If the Jesus Creed, love God and love all others, is often hard to hear in the pronouncements of Christians and Christianity, it is even harder to live, witness the history of the church. This book with its simple and difficult message is recommended to all Christians who may have lost the path by following the extraneous, and it is especially recommended to all Christians and non-Christians who have been hurt and angered by those who lost the path and failed to express love and welcome. Possibly like you, my life has been touched more by the path-fallen messages than by the Jesus Creed, a message anything but mean-spirited.

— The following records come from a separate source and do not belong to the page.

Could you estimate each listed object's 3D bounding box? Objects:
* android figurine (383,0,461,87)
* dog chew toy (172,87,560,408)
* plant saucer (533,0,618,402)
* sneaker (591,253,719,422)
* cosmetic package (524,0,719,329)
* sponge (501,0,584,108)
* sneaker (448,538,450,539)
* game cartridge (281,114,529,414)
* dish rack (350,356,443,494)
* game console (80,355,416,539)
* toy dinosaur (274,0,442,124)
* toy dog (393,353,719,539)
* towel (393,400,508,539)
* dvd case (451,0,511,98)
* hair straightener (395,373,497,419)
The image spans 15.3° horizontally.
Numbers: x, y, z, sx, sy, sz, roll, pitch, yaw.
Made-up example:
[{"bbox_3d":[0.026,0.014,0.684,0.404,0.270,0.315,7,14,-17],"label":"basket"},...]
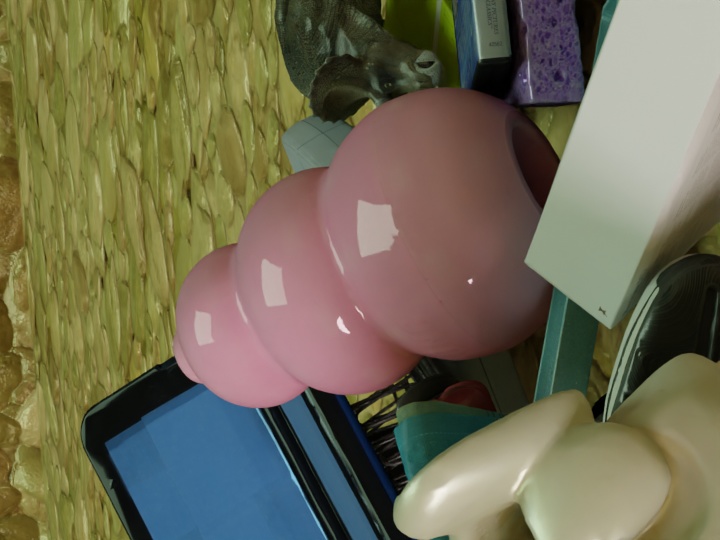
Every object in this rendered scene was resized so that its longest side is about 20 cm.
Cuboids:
[{"bbox_3d":[0.041,-0.102,1.409,0.200,0.041,0.183,-113,23,-53],"label":"android figurine"},{"bbox_3d":[0.000,0.000,1.230,0.125,0.199,0.125,48,-154,-33],"label":"dog chew toy"},{"bbox_3d":[0.098,-0.020,1.141,0.070,0.019,0.201,106,175,-85],"label":"plant saucer"},{"bbox_3d":[0.115,0.063,1.108,0.115,0.075,0.201,-119,26,-54],"label":"sneaker"},{"bbox_3d":[0.122,-0.070,1.005,0.051,0.083,0.200,36,145,15],"label":"cosmetic package"},{"bbox_3d":[0.075,-0.175,1.231,0.112,0.030,0.201,-144,49,-87],"label":"sponge"},{"bbox_3d":[0.096,0.185,1.073,0.200,0.073,0.072,49,145,-9],"label":"sneaker"},{"bbox_3d":[0.021,0.000,1.393,0.200,0.041,0.134,49,161,53],"label":"game cartridge"},{"bbox_3d":[0.025,0.089,1.357,0.154,0.054,0.200,53,168,39],"label":"dish rack"},{"bbox_3d":[-0.053,0.123,1.358,0.201,0.118,0.171,61,170,9],"label":"game console"},{"bbox_3d":[-0.018,-0.125,1.398,0.200,0.077,0.103,-155,69,-72],"label":"toy dinosaur"},{"bbox_3d":[0.132,0.141,0.941,0.200,0.193,0.140,55,162,26],"label":"toy dog"},{"bbox_3d":[0.085,0.156,1.148,0.022,0.146,0.201,-30,61,38],"label":"towel"},{"bbox_3d":[0.050,-0.179,1.256,0.143,0.017,0.201,90,174,-82],"label":"dvd case"},{"bbox_3d":[0.071,0.136,1.244,0.201,0.041,0.077,60,165,-15],"label":"hair straightener"}]

McKnight also hosts a Jesus Creed blog (use your search engine to find it) where daily blogs include the tame, the topical, and the terrifying. Time and time again McKnight and his contributors wrestle with Biblical verses and Christian tradition, sharing their journeys, their doubts, their hopes and fears in ways so moving that any Christian or non-Christian would walk the extra mile with them. These blog pilgrims are sometimes as stripped naked wanderers in the wilderness searching for sustenance and meaning. And that sustenance and meaning comes not from their voluminous knowledge- these blog contributors are mostly professors, students and pastors dizzy with their book knowledge and interpretations- but from six simple words: love God and love all others. From the book and from the blog, one is constantly reminded- all interpretation must be informed by the Jesus Creed. Also, there is general blog agreement that Biblical interpretation must be informed by established scientific facts and theories, but that is another story, outside the scope of McKnight's book.

Another recommended book is A LETTER TO A CHRISTIAN NATION by Sam Harris, an atheist who attempts "to demolish the intellectual and moral pretensions of Christianity in its most committed forms," and quite successfully, I might add, except for one proviso. Scot McKnight, his book, and his blog escape and are not demolished by Harris' just criticisms. I think McKnight would agree with very much of Harris' critique, and I can't help but think that Harris would find the Jesus creed among the highest expressions of religion. In fact, had Christians learned to love God and love all others there would have been very little basis for Harris' book. However, it must be admitted that, with very few exceptions, Christians and all others, share in this deficit of universal love.

McKnight teaches all to love God by following Jesus along that path of loving others, and his pilgrim bloggers are a testimony to its truth. Harris succinctly shows how Christian dogma and prejudice has continually blocked many from loving others, often creating rancor and sometimes war- another undeniable truth. Somehow, perhaps, love and truth will overcome our history's foreshadowing of tragedy: a world divided into angry factions with weapons on every side that can extinguish the human experiment. These two books, THE JESUS CREED- LOVING GOD, LOVING OTHERS and A LETTER TO A CHRISTIAN NATION inform each other and give some hope that love and reason, indeed the human experiment, might prevail.